By Susan Johnson
Modern builders and architects could learn more than a few valuable lessons from the Sinagua Indians who lived in the Verde Valley and built Montezuma Castle sometime between A.D. 1100 and 1400.
The site chosen by the tribe for this small vertical five-story-high village is brilliant, tucked within a large concave curve of limestone.
Considered the best preserved cliff dwelling in America, its interior rooms are warmed by the sun in the mornings and shaded by large horizontal and vertical outcroppings in the afternoons, the secluded location providing housing for about 150 people.
Established as a national monument in 1906 by Theodore Roosevelt, there are two distinct sections to the castle.
One side is nearly intact, formerly the home of approximately three dozen people.
The other side is a ruin, most of its interior and exterior walls and supporting timbers lost to a prehistoric fire destroying the section where it’s estimated 100 people once lived.
In addition, it’s possible to see the many small cavate niches where the tribe stored food and which provided simple shelter for some of its members.
The lowest floors of the castle are high off the ground, a safety precaution against annual flooding.
If there had been a need to defend the prehistoric high-rise, its vertical walls would have made it easy to do that as well, although no implements of warfare have been found on the site.
Accessed by tall ladders set on ground level, the first floor had additional ladders leading up to the next story and then to the next, some set outdoors and some indoors.
Exterior walkways and balconies allowed plenty of room for milling flour outside and for curing meat or cooking meals and for getting from one section of the castle to the next.
At the very top of the preserved section is the largest room, 33 feet deep, perhaps used as a social or ceremonial room according to Park Ranger Josh Boles who said no evidence of a kiva has been found.
The inside rooms of the castle have been closed to the public since 1953, but a video in the visitors’ center offers a modern virtual tour of its interior and a vintage narrated diorama from 1951 shows a cutaway model version of how the village may have looked in the year 1100.
Situated next to perennial Wet Beaver Creek, there was always a source of water and it was near enough to Tuzigoot and Montezuma Well for trading and other communal activities.
Boles estimates the castle’s villagers needed half a day or less to get to Tuzigoot, walking at a pace of five miles an hour, unburdened by water vessels since there would be water at their destination.
Today, a perfect view of the castle is accessed by a paved one-third mile looped pathway.

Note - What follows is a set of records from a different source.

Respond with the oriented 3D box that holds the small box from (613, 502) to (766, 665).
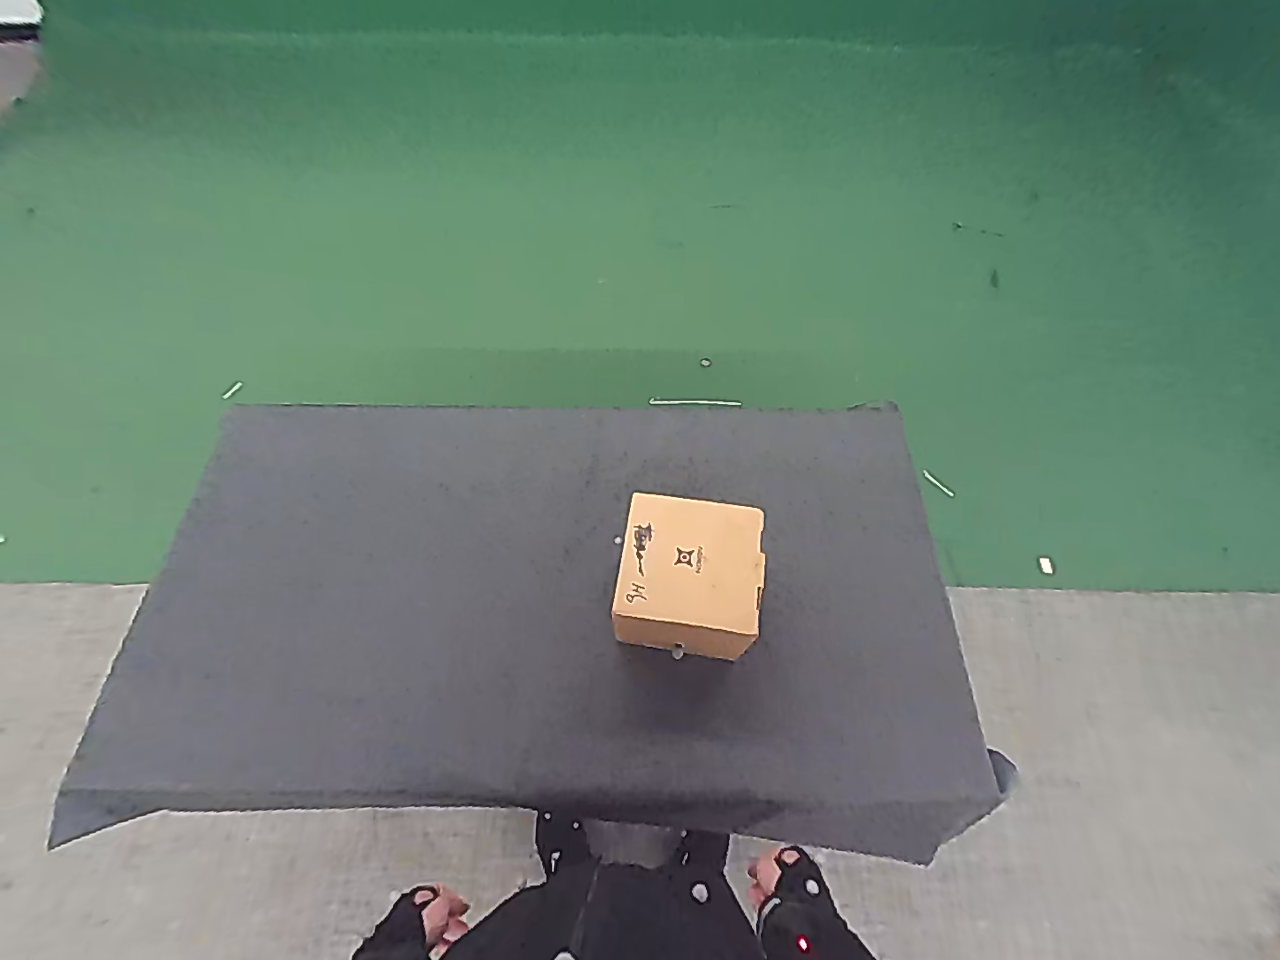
[{"bbox_3d":[0.064,0.150,0.746,0.179,0.176,0.168,8,62,4],"label":"small box"}]
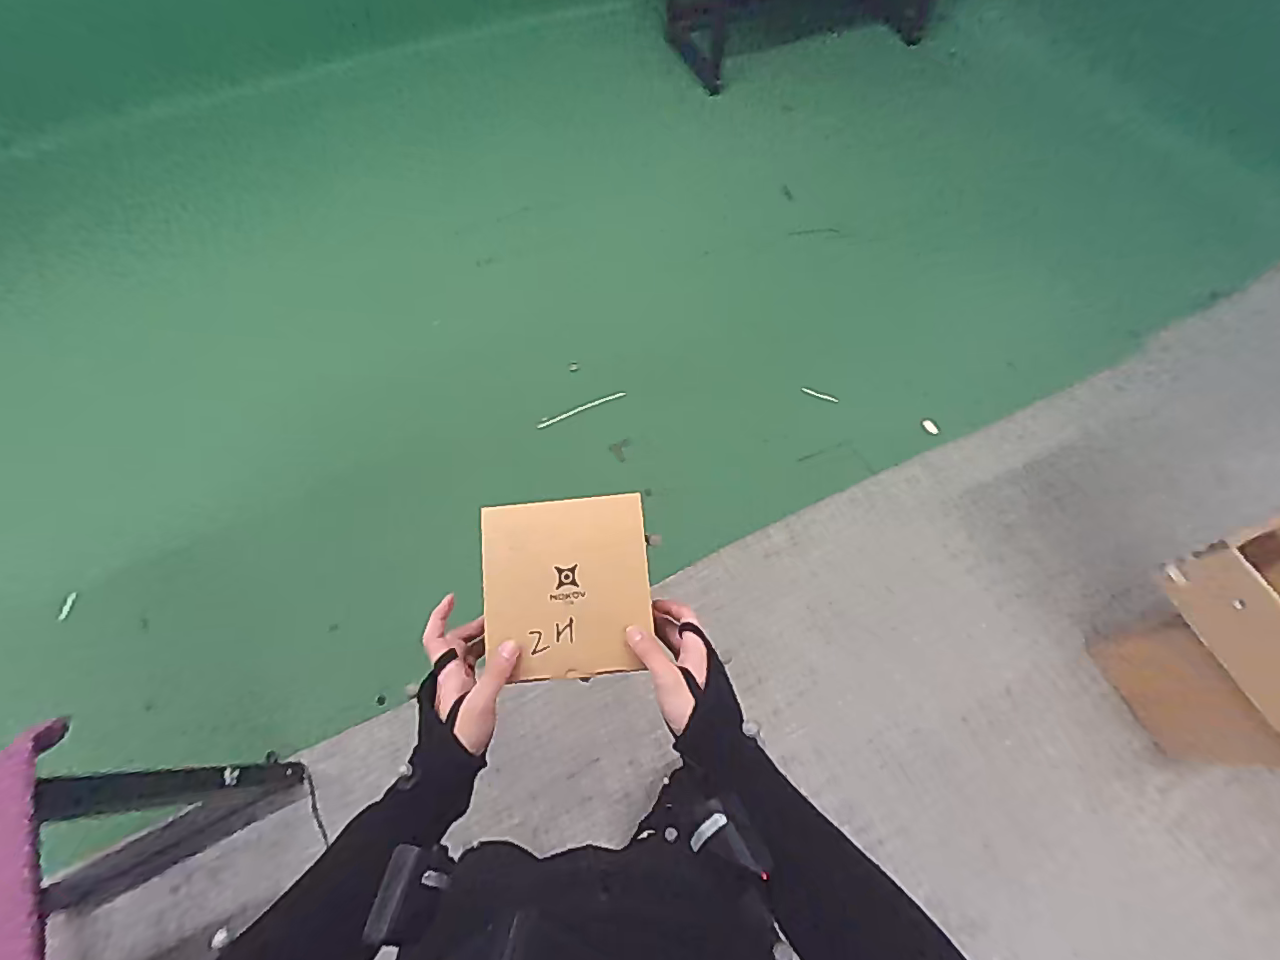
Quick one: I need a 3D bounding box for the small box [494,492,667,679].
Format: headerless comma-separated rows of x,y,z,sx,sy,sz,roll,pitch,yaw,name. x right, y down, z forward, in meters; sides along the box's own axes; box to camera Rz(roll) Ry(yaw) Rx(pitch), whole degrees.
-0.061,0.121,0.609,0.168,0.176,0.179,-4,76,0,small box
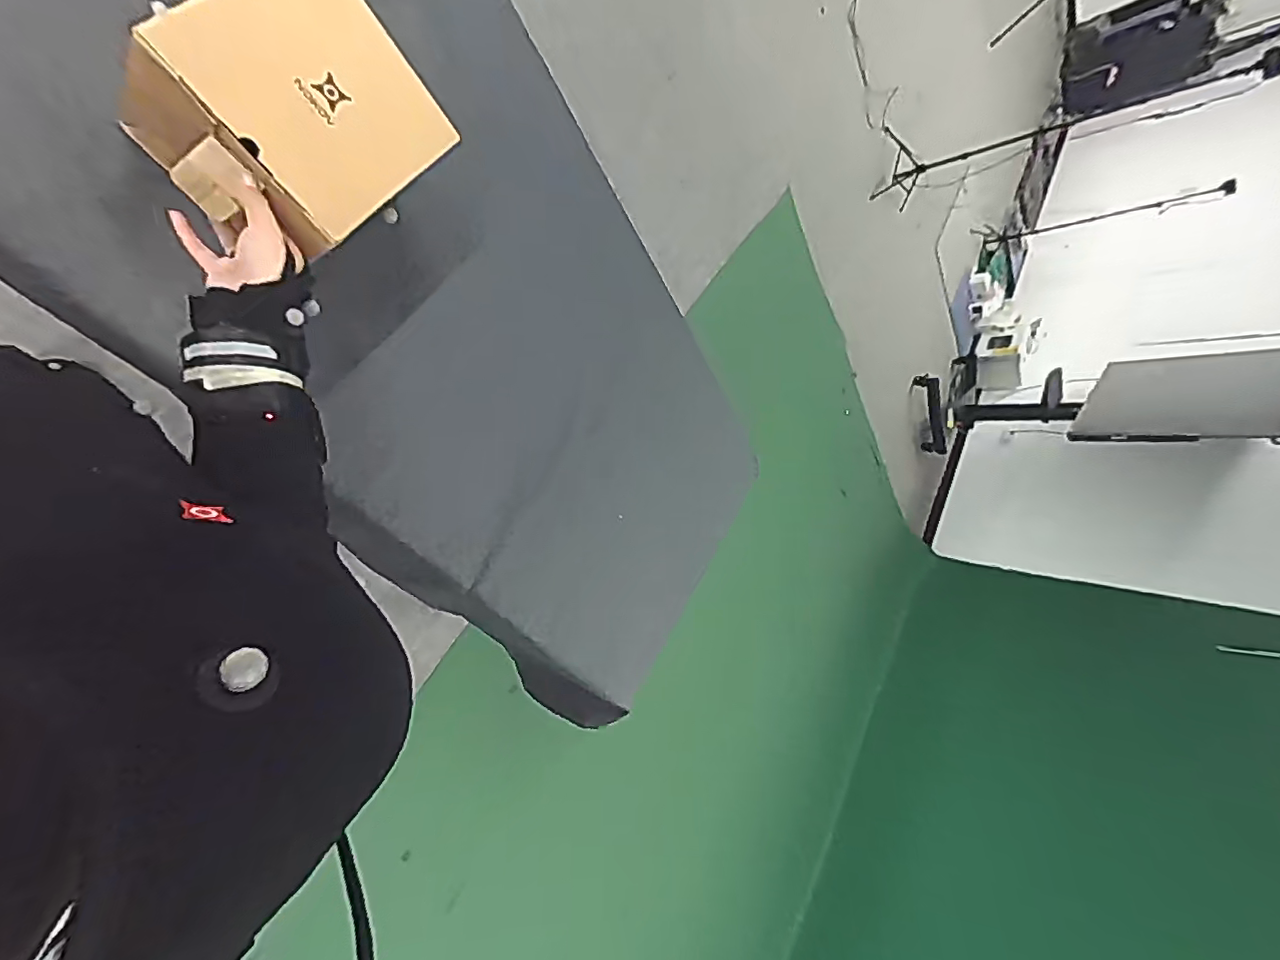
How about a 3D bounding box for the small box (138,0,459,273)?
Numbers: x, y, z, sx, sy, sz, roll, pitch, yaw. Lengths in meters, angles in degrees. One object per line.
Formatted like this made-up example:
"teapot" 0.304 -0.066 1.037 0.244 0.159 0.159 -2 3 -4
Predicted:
"small box" -0.315 -0.323 0.503 0.168 0.176 0.179 51 60 -37
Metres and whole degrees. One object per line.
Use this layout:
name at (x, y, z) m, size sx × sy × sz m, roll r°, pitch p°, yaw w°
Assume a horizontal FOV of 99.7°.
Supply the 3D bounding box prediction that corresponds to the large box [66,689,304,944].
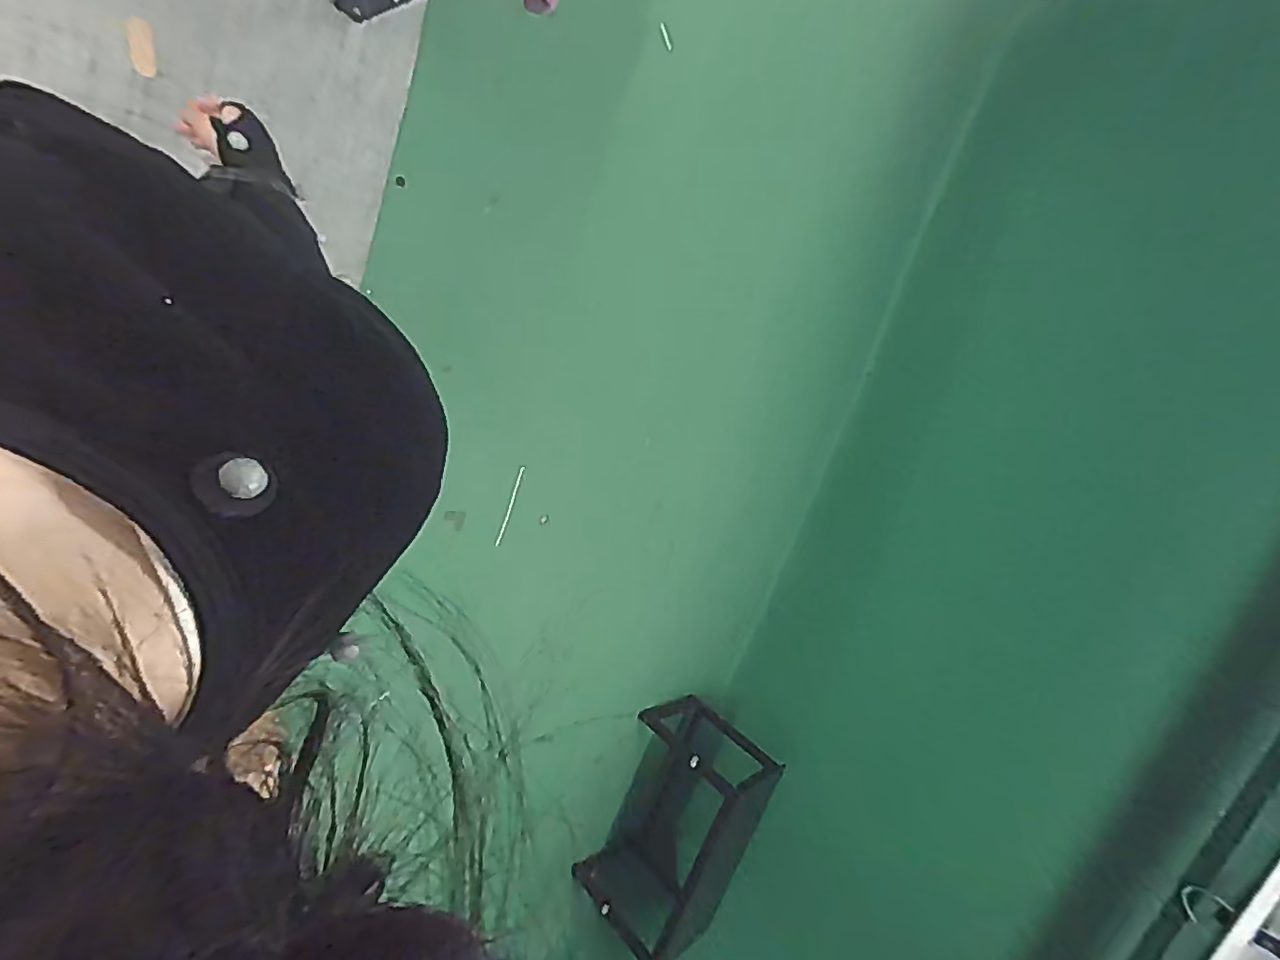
large box at (-1.146, 0.819, 1.386) m, size 0.408 × 0.320 × 0.320 m, roll -13°, pitch 121°, yaw -45°
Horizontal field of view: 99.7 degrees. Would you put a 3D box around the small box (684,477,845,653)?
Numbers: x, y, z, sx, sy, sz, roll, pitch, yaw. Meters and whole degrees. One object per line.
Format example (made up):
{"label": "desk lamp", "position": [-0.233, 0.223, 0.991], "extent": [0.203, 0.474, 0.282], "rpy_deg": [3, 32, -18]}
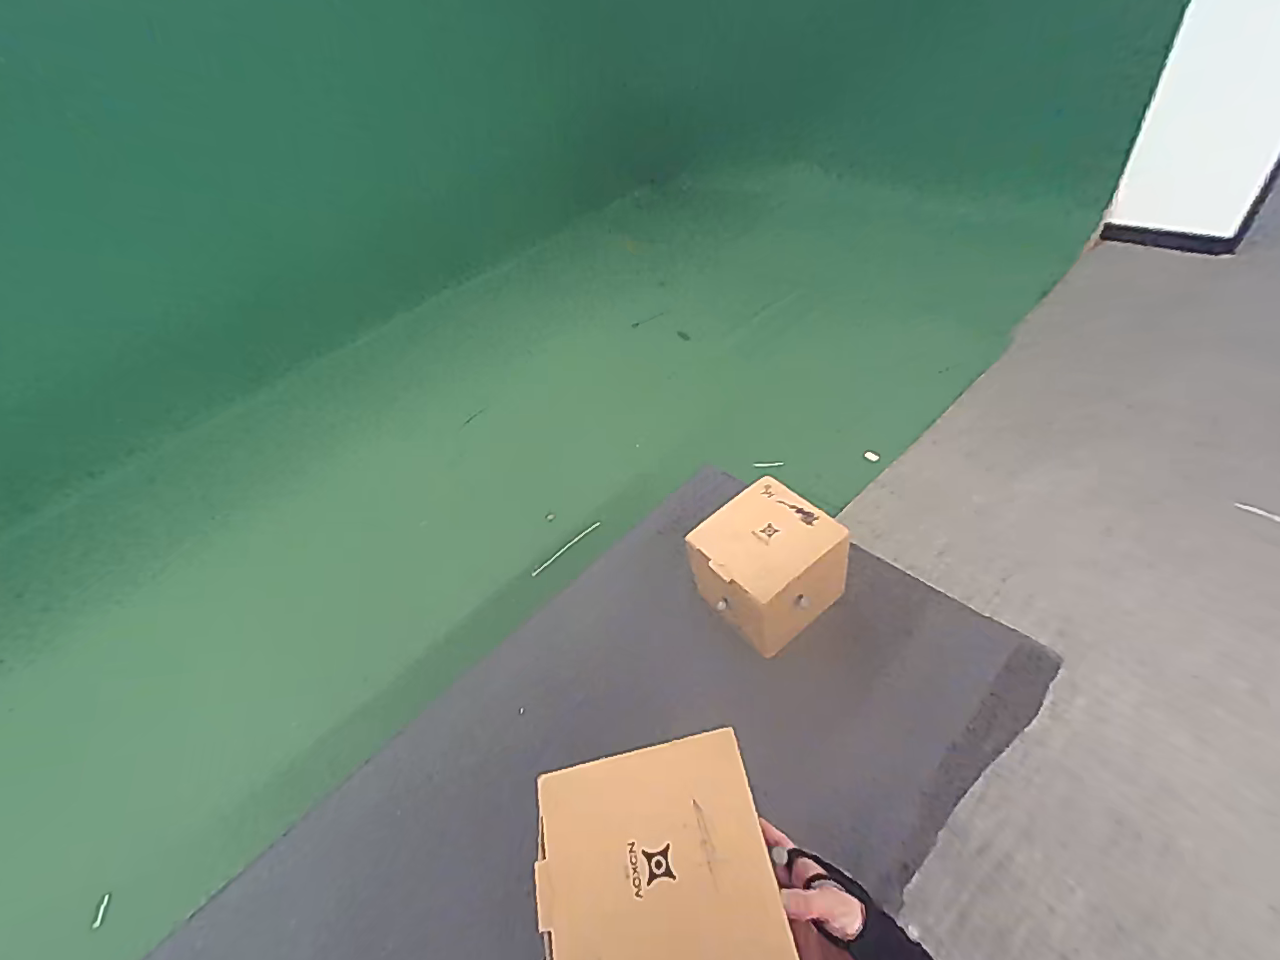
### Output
{"label": "small box", "position": [0.197, 0.135, 0.846], "extent": [0.179, 0.176, 0.168], "rpy_deg": [-35, 48, -16]}

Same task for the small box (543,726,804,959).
{"label": "small box", "position": [0.029, 0.339, 0.476], "extent": [0.179, 0.176, 0.168], "rpy_deg": [-15, 54, 1]}
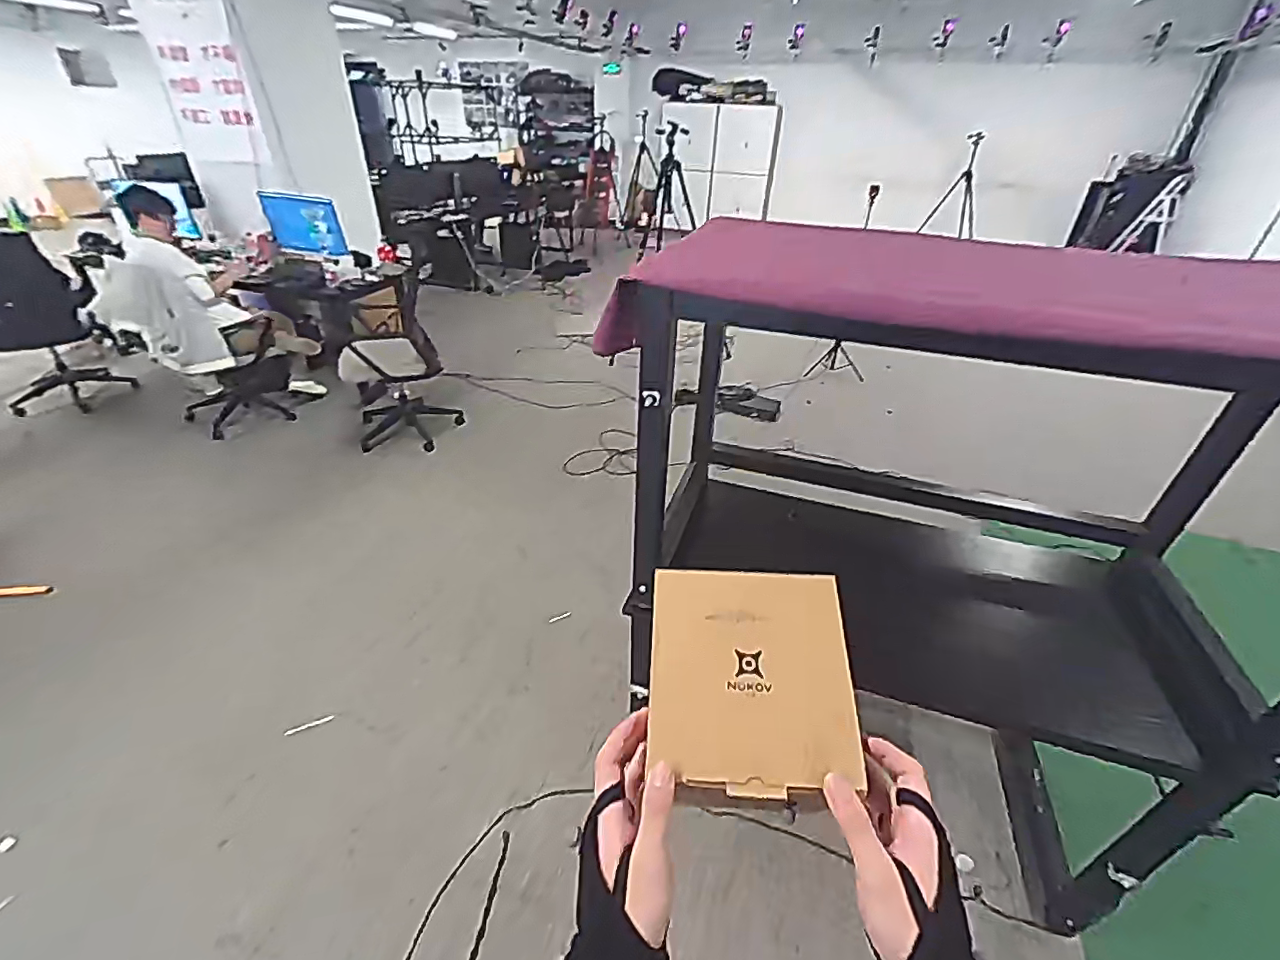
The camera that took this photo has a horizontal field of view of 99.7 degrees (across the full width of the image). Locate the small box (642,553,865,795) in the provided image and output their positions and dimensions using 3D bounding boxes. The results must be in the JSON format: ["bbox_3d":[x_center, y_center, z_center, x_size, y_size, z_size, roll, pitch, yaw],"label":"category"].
[{"bbox_3d":[0.093,0.186,0.508,0.168,0.176,0.179,2,55,4],"label":"small box"}]
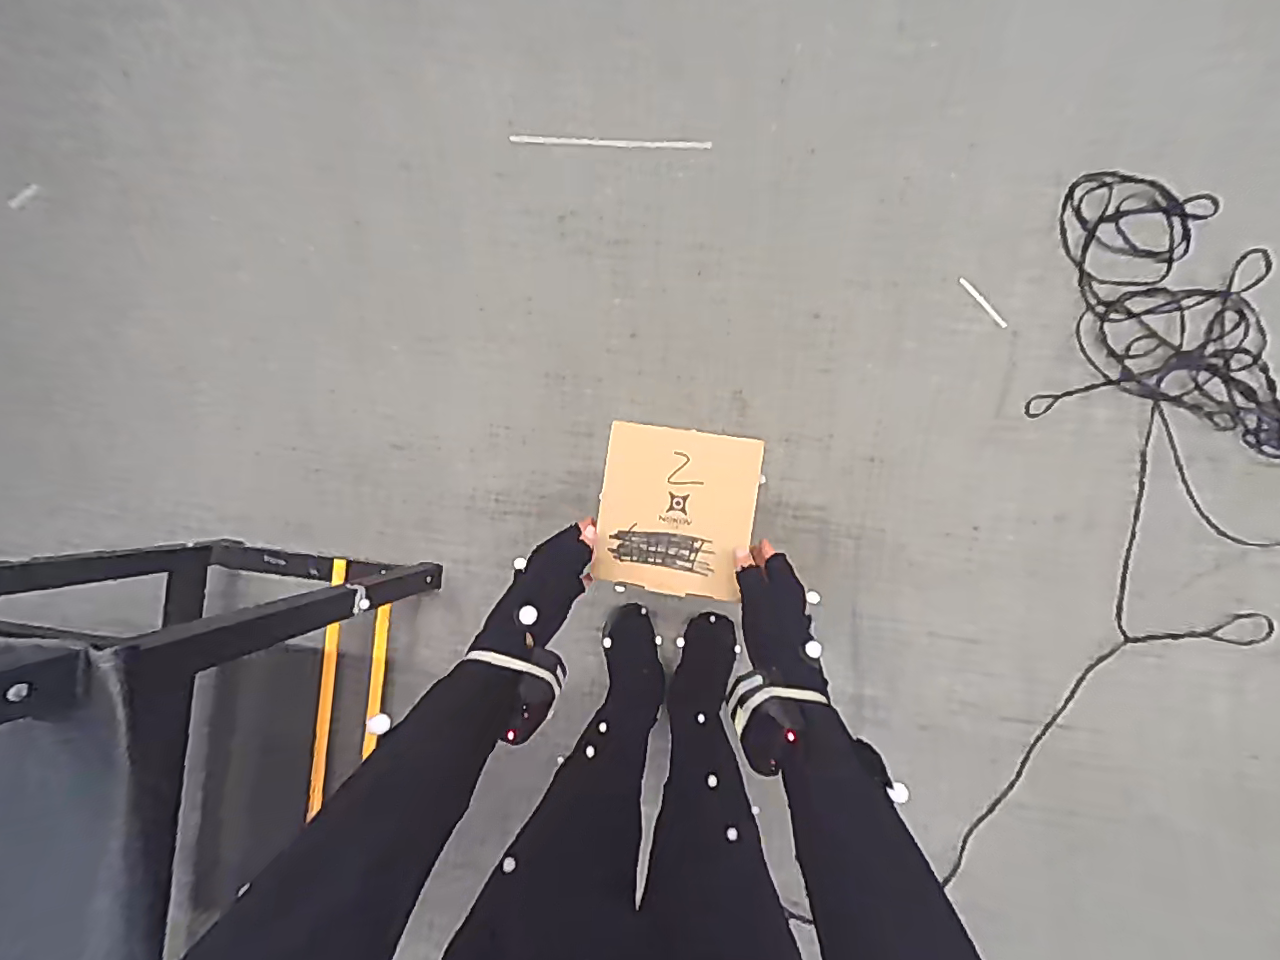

Passing beneath enormous sycamore trees and picturesque hackberry trees, the path gives visitors a close look at the difference between two types of plants — one type on the arid uphill side and the other type in the flood plain near the creek.
Well-shaded by trees in summer, the area also has seating for interpretive talks and special events.
In addition, there’s a lovely tree-shaded picnic area quite near the creek, a perfect spot to listen to rushing water and to enjoy the sweet scent of sycamore leaves.
Home to dozens of species of birds, the creek-side location is ideal for birdwatchers.
On a recent day, volunteer naturalist John Moore pointed out red-tailed hawks, swifts, swallows, rock wrens, woodpeckers, bridled titmice, flickers, sapsuckers, ravens and sharp-shinned hawks.
There are also displays and artifacts inside the visitor center which has a well-stocked bookstore offering many books, videos, pop-up children’s books, music CDs and gift items.
For those who want added excitement during their visit, the monument is home to many bats and rattlesnakes.
While visitors are on their own for spotting flying mammals, the numerous rattlers are part of a long-term study and on any given summer day, it’s usually possible to ask one of the rangers for a discreet look at a black-tailed or western diamondback.